Investors were afraid to touch it lest it potentially collapse to zero if the economy continued to fall. But it doesn’t, and the opposite happened and the perfect storm in Bitcoin happened afterwards. Billions of dollars in stimulus money were printed when there were only 21 million BTC.
Talks about inflation and low interest rates have shifted the appetite for risk, and investors have loaded up on memes and crypto stocks. Bitcoin exploded from $ 3,000 to $ 60,000. At its highest, everyone expected Bitcoin to hit $ 100,000 or more. Still, it crashed badly at $ 30,000. Now, even though just a few months ago people expected $ 100,000, now they are expecting a return to $ 10,000 or worse.

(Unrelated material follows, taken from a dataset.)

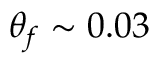Convert formula to latex. <formula><loc_0><loc_0><loc_500><loc_500>\theta _ { f } \sim 0 . 0 3</formula>

Switching positions is a bad investment strategy, so it is often advisable for HODL investors, but it can lead to losses for years. This is why many choose to trade Ethereum and other cryptocurrencies instead.
Why trade cryptocurrencies instead
Markets are cyclical and rather than holding onto a bear market, those who have been in the crypto market for years are finally turning to trading. It can take even a single peak and trough to realize the potential gains left on the table by not trading instead.
For example, any investor who bought Bitcoin in 2020 did well until 2021, but then lost half of their earnings on the massive sell-off. But those who traded could have gotten profits from the rally to the upside, and even bypassed Bitcoin before the crash and profit from it on the downside.
Trading is best suited for speculative assets such as cryptocurrencies and can also be an ideal tool for inventors of stocks, currencies, and commodities. Trading these assets through CFDs such as derivatives provided by PrimeXBT allows for ultimate flexibility in position management.
This is especially useful for managing the highly volatile crypto market, which requires technical analysis tools, stop loss management, and more to survive. Over time, the volatility of each cryptocurrency will decrease as adoption takes place and more cash flows into those assets.
Low liquidity compared to forex, stocks or gold is also part of what makes crypto so wild, but it cannot be managed so easily. It is this situation of low liquidity and adoption that makes crypto more speculative of an asset class than those involved would like to believe. The solution to speculation is to trade rather than HODL, and only time in the market will tell.
Adoption is here, but it will move slowly and price discovery will be volatile and even painful along the way. Bitcoin and other assets like Ethereum will experience boom and bust repeatedly, with bullish and bearish phases in between. Knowing this in advance, would you prefer HODL and hope for the best, or is it time to consider trading cryptos instead?